● **REQUIRED WORK**: Nothing but the lines holding the string "butt" should appear in the answer. Copy them from the entries.

● **LISTED ENTRIES**:

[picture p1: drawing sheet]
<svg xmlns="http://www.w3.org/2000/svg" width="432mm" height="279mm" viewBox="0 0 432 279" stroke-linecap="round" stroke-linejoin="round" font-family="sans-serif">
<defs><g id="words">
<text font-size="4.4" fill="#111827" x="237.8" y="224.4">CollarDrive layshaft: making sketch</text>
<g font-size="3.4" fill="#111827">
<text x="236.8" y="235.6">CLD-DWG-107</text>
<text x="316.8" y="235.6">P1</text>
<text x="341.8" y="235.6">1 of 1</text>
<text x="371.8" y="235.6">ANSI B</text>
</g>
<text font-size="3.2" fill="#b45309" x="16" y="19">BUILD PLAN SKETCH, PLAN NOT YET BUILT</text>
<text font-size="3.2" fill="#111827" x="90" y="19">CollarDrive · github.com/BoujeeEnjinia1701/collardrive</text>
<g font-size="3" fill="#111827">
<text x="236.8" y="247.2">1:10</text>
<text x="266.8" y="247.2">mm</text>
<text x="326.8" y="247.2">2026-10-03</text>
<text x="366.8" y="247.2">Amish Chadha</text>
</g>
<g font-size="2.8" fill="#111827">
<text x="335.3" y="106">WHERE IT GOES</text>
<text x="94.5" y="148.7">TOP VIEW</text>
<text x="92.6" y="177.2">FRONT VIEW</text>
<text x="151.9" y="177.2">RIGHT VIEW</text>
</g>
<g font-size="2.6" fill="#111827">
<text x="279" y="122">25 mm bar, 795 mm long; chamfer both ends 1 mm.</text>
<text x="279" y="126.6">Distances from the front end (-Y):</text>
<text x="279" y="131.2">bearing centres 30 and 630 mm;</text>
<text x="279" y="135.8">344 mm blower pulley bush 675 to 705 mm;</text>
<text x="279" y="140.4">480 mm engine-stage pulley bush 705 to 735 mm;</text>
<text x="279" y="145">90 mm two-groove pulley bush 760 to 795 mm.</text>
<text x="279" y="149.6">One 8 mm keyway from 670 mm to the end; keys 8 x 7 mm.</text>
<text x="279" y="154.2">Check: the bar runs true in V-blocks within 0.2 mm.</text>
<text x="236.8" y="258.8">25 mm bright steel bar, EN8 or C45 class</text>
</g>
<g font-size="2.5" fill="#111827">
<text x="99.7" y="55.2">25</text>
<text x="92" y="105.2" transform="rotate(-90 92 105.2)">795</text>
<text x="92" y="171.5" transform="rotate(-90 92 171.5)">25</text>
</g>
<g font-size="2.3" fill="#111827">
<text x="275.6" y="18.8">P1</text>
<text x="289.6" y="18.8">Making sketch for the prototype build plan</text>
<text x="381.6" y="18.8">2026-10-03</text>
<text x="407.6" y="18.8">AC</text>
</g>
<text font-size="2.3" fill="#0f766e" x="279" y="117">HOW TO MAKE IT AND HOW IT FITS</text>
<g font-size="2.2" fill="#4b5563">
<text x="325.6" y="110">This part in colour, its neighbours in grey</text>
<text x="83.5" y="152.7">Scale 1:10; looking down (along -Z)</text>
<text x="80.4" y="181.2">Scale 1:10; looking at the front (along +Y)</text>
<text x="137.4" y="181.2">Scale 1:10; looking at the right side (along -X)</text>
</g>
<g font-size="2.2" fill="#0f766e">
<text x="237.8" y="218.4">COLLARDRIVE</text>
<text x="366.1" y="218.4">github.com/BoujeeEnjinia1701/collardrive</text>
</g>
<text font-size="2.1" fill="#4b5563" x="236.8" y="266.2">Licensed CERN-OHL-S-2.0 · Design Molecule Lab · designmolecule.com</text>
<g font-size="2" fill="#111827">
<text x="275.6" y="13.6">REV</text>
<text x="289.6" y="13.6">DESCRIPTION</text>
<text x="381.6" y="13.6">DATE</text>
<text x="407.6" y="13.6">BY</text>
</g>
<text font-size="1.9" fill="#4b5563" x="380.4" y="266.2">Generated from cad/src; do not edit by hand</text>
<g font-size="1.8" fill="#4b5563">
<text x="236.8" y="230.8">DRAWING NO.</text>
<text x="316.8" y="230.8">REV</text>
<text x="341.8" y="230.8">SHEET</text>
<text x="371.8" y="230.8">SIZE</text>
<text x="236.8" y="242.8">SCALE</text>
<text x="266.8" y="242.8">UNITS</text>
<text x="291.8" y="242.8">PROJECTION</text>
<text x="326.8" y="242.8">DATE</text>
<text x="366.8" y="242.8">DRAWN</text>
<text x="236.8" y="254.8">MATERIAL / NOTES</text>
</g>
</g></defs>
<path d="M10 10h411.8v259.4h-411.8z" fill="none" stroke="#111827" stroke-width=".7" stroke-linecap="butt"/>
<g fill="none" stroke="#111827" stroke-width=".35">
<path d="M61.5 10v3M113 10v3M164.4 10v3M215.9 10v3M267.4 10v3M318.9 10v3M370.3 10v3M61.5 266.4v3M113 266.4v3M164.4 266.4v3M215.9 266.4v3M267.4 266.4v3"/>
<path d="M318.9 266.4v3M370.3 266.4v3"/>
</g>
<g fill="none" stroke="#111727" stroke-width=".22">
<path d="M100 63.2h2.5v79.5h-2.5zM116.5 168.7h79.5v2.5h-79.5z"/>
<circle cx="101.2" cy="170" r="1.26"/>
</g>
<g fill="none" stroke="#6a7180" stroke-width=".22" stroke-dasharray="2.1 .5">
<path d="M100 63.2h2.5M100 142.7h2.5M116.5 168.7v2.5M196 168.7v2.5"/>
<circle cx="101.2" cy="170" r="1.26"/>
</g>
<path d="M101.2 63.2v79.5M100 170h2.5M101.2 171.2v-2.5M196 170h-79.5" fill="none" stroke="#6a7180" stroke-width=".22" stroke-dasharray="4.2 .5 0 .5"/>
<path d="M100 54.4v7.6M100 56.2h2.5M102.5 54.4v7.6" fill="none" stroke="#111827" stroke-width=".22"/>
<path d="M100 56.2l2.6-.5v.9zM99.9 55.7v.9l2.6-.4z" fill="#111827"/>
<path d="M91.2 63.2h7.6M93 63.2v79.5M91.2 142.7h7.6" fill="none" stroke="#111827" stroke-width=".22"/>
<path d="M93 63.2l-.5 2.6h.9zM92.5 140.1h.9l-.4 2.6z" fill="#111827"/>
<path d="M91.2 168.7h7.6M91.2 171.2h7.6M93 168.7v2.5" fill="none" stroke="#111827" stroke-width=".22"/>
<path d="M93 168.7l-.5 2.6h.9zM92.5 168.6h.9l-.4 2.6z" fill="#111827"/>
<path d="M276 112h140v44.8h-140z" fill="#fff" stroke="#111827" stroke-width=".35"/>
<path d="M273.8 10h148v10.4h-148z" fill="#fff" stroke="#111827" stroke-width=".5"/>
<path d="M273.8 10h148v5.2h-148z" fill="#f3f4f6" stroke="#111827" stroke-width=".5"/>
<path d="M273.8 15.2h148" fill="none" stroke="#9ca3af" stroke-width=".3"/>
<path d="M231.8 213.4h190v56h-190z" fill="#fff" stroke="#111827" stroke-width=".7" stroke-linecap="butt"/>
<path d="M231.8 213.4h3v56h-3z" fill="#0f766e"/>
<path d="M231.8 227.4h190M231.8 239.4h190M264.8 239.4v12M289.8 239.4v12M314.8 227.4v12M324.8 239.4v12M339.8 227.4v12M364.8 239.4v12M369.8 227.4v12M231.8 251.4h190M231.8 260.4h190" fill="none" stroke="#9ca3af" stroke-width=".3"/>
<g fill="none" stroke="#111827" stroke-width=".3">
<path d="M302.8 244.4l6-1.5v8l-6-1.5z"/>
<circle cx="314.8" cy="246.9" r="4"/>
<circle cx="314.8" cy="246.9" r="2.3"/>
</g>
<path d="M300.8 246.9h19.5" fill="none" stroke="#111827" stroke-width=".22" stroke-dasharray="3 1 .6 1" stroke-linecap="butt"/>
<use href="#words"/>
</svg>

● **RESULT OF THIS TASK**:
<path d="M10 10h411.8v259.4h-411.8z" fill="none" stroke="#111827" stroke-width=".7" stroke-linecap="butt"/>
<path d="M231.8 213.4h190v56h-190z" fill="#fff" stroke="#111827" stroke-width=".7" stroke-linecap="butt"/>
<path d="M300.8 246.9h19.5" fill="none" stroke="#111827" stroke-width=".22" stroke-dasharray="3 1 .6 1" stroke-linecap="butt"/>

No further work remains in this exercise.